What does the symbol "$\mapsto$" mean in the logical expression "$J \vDash_{E[x \mapsto a]} (\alpha \implies \beta)$"? 
Consider an interpretation $j$ and an element $a$ $\in$ $\text{dom} (J)$. We also have that $$J \vDash_{E[x \mapsto a]} (\alpha \implies \beta)$$ where $\alpha$ and $\beta$ are formulas.

But I am not sure what this $\mapsto$ mean in this context?
 A: "$x\mapsto a$" means "the object $x$ is sent to the object $a$." This is often used to clarify the definition of a function, e.g. $$f:\mathbb{N}\rightarrow\mathbb{N}: n\mapsto 2^n+n.$$
In this case, though, I believe it refers to a variable assignment, saying that $x$ will get interpreted as $a$. E.g. under the valuation $x\mapsto 2$, the formula $x>1+1+1$ is false in $\mathbb{N}$. Remember that in order to evaluate the truth of a formula in a structure, we need to interpret each of its free variables; this variable interpretation is the subscript of the "$\models$" relation.
A: $x \mapsto y$ is the notation typically used to indicate that an element $x$ (from some domain of a function) is mapped to an element $y$ (frome some codomain of a function) by that function.
E.g., the successor function would be notated by
$$f: \mathbb{N} \to \mathbb{N} : x \mapsto x + 1 $$
meaning that the object $x$ – an element of $\mathbb{N}$ (the domain of $f$) – is being mapped to the object denoted by $x + 1$ – an element of $\mathbb{N}$ (the codomain of $f$).  
In your case, the function that is considered – $E$ – is an assignment function
$$E: VAR \to D$$
where $VAR$ is the set of variables and $D$ is the domain of the model, and $E_{[x \mapsto a]}$ is a variant assignment or $x$-alternative of $E$.

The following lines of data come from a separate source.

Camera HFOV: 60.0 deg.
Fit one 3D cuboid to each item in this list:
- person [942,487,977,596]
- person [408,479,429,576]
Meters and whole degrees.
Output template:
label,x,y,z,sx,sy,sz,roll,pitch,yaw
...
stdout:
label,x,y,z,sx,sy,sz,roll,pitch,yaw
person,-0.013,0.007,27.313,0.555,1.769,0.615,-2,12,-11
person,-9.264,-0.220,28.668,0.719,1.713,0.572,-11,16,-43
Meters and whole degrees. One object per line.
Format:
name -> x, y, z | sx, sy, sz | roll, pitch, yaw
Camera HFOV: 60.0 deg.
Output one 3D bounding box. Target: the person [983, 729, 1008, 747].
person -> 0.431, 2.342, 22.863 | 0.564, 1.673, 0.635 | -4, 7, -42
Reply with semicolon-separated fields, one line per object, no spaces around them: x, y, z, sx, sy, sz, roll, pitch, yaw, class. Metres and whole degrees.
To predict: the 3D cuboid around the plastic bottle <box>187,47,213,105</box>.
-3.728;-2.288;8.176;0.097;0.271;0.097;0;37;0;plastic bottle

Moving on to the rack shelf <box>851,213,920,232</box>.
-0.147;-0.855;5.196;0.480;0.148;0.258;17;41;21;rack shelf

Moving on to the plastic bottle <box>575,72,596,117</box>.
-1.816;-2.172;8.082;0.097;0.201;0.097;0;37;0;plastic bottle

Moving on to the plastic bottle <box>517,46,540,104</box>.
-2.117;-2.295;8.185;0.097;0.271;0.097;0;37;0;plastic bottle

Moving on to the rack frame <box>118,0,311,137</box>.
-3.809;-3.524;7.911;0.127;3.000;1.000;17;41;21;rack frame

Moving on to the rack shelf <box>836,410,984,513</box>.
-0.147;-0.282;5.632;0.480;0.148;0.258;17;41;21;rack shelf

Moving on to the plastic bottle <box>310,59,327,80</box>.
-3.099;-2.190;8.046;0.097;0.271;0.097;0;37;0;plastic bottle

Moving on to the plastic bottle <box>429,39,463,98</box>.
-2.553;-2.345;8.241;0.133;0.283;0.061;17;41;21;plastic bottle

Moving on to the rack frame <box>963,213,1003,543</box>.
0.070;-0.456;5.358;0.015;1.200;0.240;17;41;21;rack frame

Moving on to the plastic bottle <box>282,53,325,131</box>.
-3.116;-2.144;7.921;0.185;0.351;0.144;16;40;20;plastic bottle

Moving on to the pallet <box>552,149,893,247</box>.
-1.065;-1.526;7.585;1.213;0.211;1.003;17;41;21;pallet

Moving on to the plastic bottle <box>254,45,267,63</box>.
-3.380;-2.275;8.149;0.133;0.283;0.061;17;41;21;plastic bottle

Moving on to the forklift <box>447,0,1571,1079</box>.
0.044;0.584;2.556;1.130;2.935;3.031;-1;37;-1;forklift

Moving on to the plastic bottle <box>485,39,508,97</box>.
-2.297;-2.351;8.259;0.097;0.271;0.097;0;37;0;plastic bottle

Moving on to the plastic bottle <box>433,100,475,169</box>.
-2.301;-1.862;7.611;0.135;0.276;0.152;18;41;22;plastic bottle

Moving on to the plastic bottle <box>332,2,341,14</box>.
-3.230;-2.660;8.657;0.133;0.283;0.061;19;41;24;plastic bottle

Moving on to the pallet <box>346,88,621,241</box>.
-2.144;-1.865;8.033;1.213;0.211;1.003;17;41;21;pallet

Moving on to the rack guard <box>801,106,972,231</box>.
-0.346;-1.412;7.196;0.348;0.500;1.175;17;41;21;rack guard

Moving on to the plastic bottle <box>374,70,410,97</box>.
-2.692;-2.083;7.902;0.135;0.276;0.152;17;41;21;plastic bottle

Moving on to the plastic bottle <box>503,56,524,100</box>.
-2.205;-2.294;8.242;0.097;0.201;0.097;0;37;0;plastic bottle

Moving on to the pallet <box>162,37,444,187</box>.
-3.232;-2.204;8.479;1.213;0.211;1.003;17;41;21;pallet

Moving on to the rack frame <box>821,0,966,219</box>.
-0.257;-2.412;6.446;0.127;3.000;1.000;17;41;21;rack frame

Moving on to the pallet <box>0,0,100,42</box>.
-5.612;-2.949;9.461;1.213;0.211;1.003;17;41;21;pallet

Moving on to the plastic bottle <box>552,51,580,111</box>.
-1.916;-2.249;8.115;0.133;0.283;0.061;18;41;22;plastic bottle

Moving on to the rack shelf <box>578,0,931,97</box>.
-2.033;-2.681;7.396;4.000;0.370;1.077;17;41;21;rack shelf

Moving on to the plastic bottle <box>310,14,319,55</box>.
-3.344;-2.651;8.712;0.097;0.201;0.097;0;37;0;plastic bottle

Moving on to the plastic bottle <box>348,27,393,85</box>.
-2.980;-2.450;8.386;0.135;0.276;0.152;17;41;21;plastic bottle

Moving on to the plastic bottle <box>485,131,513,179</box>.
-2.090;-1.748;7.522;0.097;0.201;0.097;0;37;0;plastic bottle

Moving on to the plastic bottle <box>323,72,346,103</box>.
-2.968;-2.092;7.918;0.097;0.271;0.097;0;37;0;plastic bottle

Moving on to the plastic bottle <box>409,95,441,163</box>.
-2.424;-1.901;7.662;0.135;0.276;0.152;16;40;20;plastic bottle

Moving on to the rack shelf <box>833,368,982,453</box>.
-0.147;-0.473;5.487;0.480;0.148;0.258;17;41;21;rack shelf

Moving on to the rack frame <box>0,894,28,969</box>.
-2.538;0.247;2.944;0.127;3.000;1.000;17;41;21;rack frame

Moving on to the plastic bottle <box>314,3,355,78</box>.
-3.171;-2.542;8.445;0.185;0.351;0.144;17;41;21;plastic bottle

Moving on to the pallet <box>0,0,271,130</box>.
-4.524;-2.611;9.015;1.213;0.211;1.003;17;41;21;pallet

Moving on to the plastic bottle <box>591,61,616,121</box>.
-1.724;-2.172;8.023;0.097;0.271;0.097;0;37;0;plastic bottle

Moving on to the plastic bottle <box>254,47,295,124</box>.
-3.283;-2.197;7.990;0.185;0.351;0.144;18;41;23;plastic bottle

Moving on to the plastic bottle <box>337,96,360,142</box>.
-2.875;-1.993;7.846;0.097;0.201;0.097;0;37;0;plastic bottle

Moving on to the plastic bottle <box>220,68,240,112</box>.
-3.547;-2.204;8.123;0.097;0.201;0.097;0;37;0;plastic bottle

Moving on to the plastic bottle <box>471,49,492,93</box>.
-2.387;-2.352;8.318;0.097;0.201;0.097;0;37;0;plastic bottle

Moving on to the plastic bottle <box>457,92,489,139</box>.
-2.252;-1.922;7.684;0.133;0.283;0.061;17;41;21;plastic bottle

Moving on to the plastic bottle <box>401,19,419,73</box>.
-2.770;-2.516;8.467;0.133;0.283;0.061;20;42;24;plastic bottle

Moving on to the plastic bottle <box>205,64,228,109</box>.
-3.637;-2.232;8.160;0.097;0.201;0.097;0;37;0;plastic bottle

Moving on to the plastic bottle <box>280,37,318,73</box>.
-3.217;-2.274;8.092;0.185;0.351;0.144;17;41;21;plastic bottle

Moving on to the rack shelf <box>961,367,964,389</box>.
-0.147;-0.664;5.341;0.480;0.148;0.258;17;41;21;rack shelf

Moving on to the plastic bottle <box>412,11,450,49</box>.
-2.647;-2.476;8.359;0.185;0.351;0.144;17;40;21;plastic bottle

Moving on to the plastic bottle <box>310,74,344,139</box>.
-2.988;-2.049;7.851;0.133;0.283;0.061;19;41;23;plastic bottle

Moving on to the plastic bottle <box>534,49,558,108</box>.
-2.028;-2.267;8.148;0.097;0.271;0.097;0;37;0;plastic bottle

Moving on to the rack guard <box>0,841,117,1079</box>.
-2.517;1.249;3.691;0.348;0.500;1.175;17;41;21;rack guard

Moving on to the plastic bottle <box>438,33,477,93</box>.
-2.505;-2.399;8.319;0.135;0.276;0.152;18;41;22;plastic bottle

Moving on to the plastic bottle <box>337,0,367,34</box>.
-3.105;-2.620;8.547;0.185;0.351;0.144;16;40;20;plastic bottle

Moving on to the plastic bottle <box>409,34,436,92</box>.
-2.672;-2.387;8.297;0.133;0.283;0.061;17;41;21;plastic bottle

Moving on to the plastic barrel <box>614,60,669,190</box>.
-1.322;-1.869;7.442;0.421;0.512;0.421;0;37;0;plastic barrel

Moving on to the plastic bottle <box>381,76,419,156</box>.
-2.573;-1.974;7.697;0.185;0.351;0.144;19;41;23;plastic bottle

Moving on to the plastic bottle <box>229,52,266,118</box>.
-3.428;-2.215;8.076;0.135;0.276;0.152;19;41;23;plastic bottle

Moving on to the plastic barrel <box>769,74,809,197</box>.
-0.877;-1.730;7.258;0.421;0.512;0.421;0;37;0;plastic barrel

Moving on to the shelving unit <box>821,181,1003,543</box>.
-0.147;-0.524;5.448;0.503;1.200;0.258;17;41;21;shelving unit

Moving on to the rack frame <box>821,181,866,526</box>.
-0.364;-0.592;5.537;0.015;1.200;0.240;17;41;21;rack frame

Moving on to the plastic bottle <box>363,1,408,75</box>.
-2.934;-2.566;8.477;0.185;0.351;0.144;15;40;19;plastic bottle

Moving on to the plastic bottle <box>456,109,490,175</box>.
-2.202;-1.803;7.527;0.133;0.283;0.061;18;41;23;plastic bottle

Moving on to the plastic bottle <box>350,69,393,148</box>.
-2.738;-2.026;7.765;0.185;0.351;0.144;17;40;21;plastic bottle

 A variant assignment of $E$ is an assignment that is just like $E$ except that it maps the variable $x$ to the object $a$ (instead of to whatever $E$ mapped it to).
Formally: For $x \in VAR$ and $a \in D$, the function $E_{[x \mapsto a]}$ is that assignment function $F$ such that
$$F(y) = \begin{cases}E(y) & y \not \equiv x\\a & y \equiv x\end{cases}$$
i.e., the variant assignment $F = E_{[x \mapsto a]}$ maps the same objects as $E$ does to all variables other than $x$, and possibly differs from $E$ in that it maps $x$ to the object $a$.
Note that $F$ can also be identical to $E$ in case that $E$ istself already mapped $x$ to $a$. 
Applied to the whole expression you gave, the notation means that the formula $(\alpha \to \beta)$ is valid under the interpretation $J$ and the variable assignment that is just like $E$ except that the variable $x$ is assigned the object $a$.